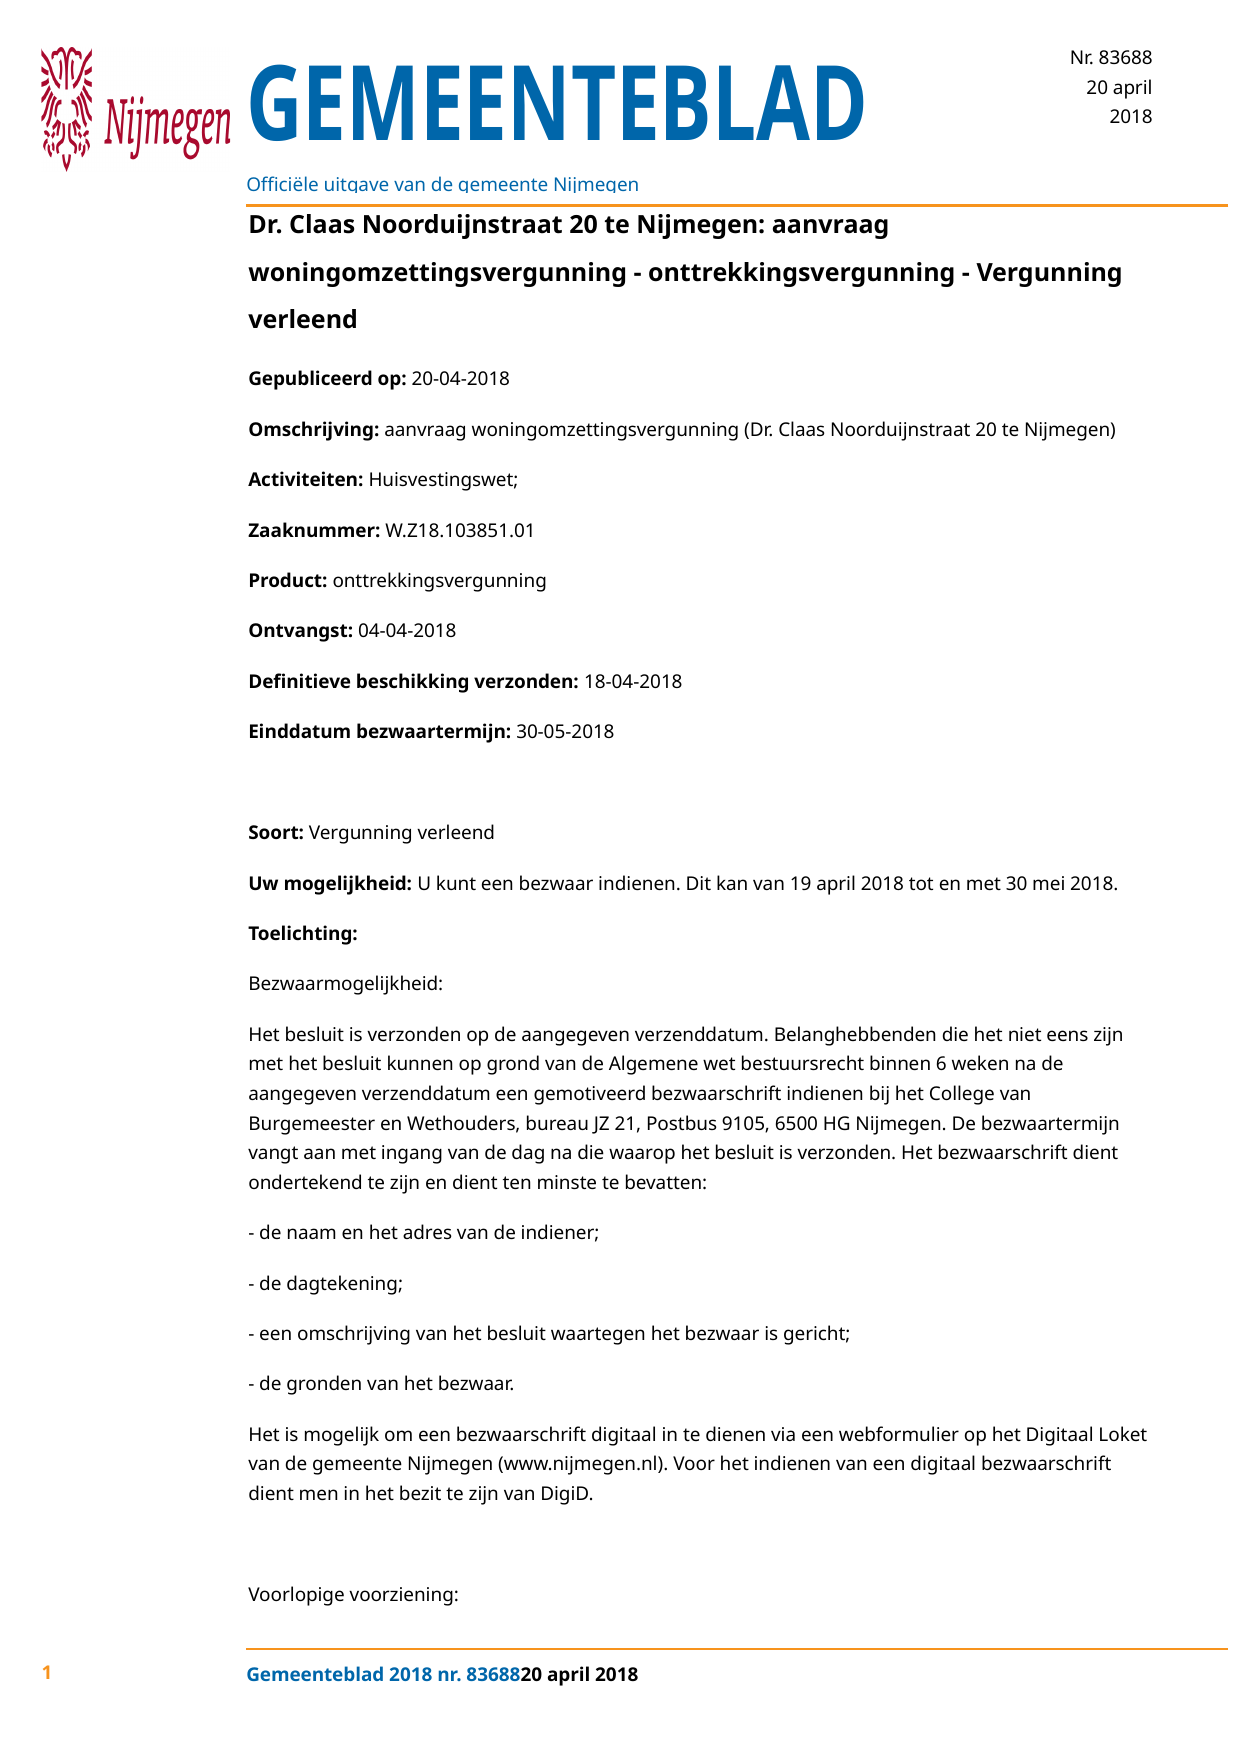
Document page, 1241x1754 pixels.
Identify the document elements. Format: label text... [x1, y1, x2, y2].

text - de gronden van het bezwaar. [248, 1371, 1152, 1396]
text Gepubliceerd op: 20-04-2018 [248, 366, 1152, 391]
text Einddatum bezwaartermijn: 30-05-2018 [248, 718, 1152, 744]
text Definitieve beschikking verzonden: 18-04-2018 [248, 668, 1152, 694]
text Product: onttrekkingsvergunning [248, 567, 1152, 593]
text - de dagtekening; [248, 1270, 1152, 1295]
text Zaaknummer: W.Z18.103851.01 [248, 517, 1152, 542]
text Soort: Vergunning verleend [248, 819, 1152, 845]
text - de naam en het adres van de indiener; [248, 1219, 1152, 1245]
text Ontvangst: 04-04-2018 [248, 618, 1152, 643]
text Bezwaarmogelijkheid: [248, 971, 1152, 996]
text Voorlopige voorziening: [248, 1581, 1152, 1607]
text Toelichting: [248, 920, 1152, 946]
text Dr. Claas Noorduijnstraat 20 te Nijmegen: aanvraag woningomzettingsvergunning - onttrekkingsvergunning - Vergunning verleend [248, 207, 1152, 336]
text Omschrijving: aanvraag woningomzettingsvergunning (Dr. Claas Noorduijnstraat 20 te Nijmegen) [248, 416, 1152, 442]
picture [41, 47, 231, 172]
text Het besluit is verzonden op de aangegeven verzenddatum. Belanghebbenden die het niet eens zijn met het besluit kunnen op grond van de Algemene wet bestuursrecht binnen 6 weken na de aangegeven verzenddatum een gemotiveerd bezwaarschrift indienen bij het College van Burgemeester en Wethouders, bureau JZ 21, Postbus 9105, 6500 HG Nijmegen. De bezwaartermijn vangt aan met ingang van de dag na die waarop het besluit is verzonden. Het bezwaarschrift dient ondertekend te zijn en dient ten minste te bevatten: [248, 1021, 1152, 1194]
text - een omschrijving van het besluit waartegen het bezwaar is gericht; [248, 1320, 1152, 1346]
text Het is mogelijk om een bezwaarschrift digitaal in te dienen via een webformulier op het Digitaal Loket van de gemeente Nijmegen (www.nijmegen.nl). Voor het indienen van een digitaal bezwaarschrift dient men in het bezit te zijn van DigiD. [248, 1421, 1152, 1506]
text Activiteiten: Huisvestingswet; [248, 466, 1152, 492]
text Uw mogelijkheid: U kunt een bezwaar indienen. Dit kan van 19 april 2018 tot en met 30 mei 2018. [248, 870, 1152, 895]
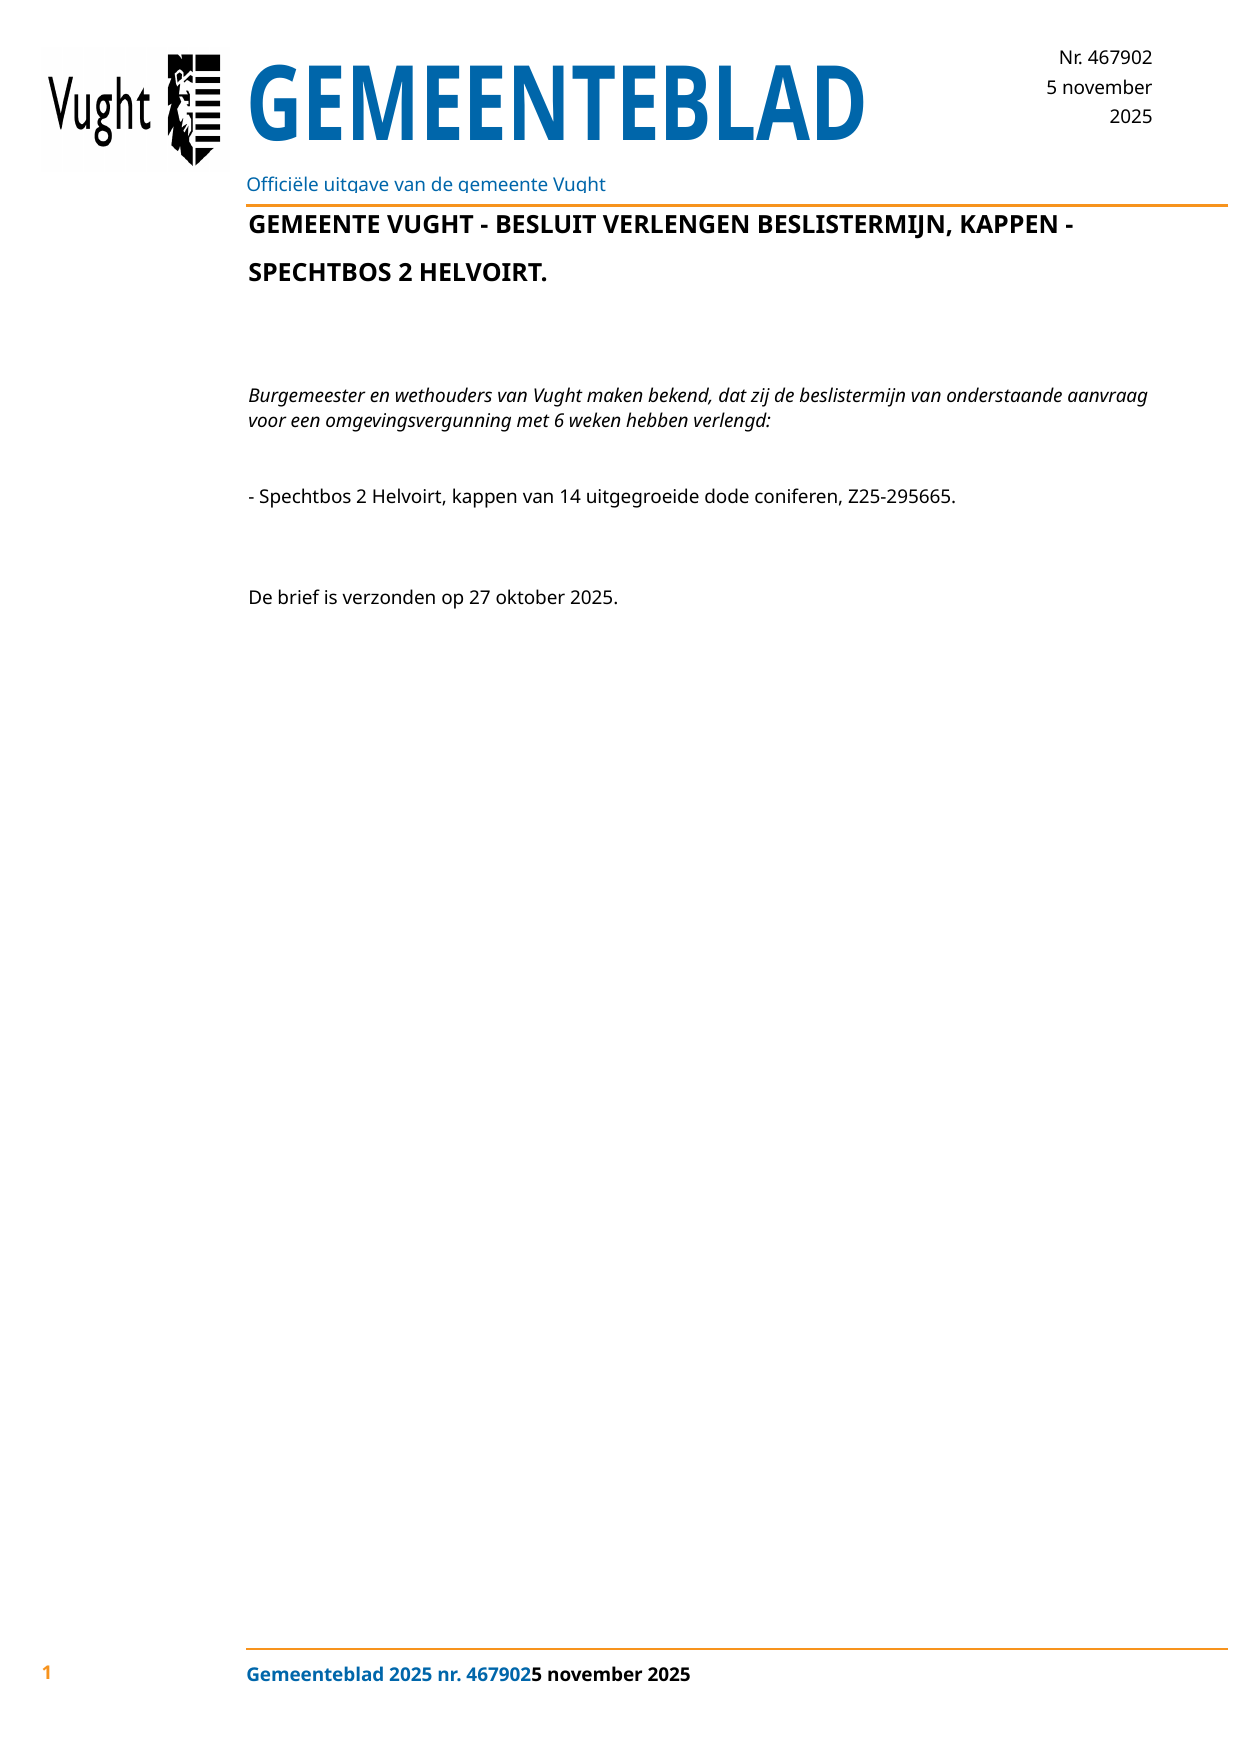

[INSTRUCTIONS FOR THE TASK]
Each entry above should be returned exactly as written, minus its pictures.

[RESPONSE BOX]
Document page, 1241x1754 pixels.
Identify the document elements. Format: label text... [x1, y1, x2, y2].

text - de gronden van het bezwaar. [248, 1371, 1152, 1396]
text Gepubliceerd op: 20-04-2018 [248, 366, 1152, 391]
text Einddatum bezwaartermijn: 30-05-2018 [248, 718, 1152, 744]
text Definitieve beschikking verzonden: 18-04-2018 [248, 668, 1152, 694]
text Product: onttrekkingsvergunning [248, 567, 1152, 593]
text - de dagtekening; [248, 1270, 1152, 1295]
text Zaaknummer: W.Z18.103851.01 [248, 517, 1152, 542]
text Soort: Vergunning verleend [248, 819, 1152, 845]
text - de naam en het adres van de indiener; [248, 1219, 1152, 1245]
text Ontvangst: 04-04-2018 [248, 618, 1152, 643]
text Bezwaarmogelijkheid: [248, 971, 1152, 996]
text Voorlopige voorziening: [248, 1581, 1152, 1607]
text Toelichting: [248, 920, 1152, 946]
text Dr. Claas Noorduijnstraat 20 te Nijmegen: aanvraag woningomzettingsvergunning - onttrekkingsvergunning - Vergunning verleend [248, 207, 1152, 336]
text Omschrijving: aanvraag woningomzettingsvergunning (Dr. Claas Noorduijnstraat 20 te Nijmegen) [248, 416, 1152, 442]
picture [41, 47, 231, 172]
text Het besluit is verzonden op de aangegeven verzenddatum. Belanghebbenden die het niet eens zijn met het besluit kunnen op grond van de Algemene wet bestuursrecht binnen 6 weken na de aangegeven verzenddatum een gemotiveerd bezwaarschrift indienen bij het College van Burgemeester en Wethouders, bureau JZ 21, Postbus 9105, 6500 HG Nijmegen. De bezwaartermijn vangt aan met ingang van de dag na die waarop het besluit is verzonden. Het bezwaarschrift dient ondertekend te zijn en dient ten minste te bevatten: [248, 1021, 1152, 1194]
text - een omschrijving van het besluit waartegen het bezwaar is gericht; [248, 1320, 1152, 1346]
text Het is mogelijk om een bezwaarschrift digitaal in te dienen via een webformulier op het Digitaal Loket van de gemeente Nijmegen (www.nijmegen.nl). Voor het indienen van een digitaal bezwaarschrift dient men in het bezit te zijn van DigiD. [248, 1421, 1152, 1506]
text Activiteiten: Huisvestingswet; [248, 466, 1152, 492]
text Uw mogelijkheid: U kunt een bezwaar indienen. Dit kan van 19 april 2018 tot en met 30 mei 2018. [248, 870, 1152, 895]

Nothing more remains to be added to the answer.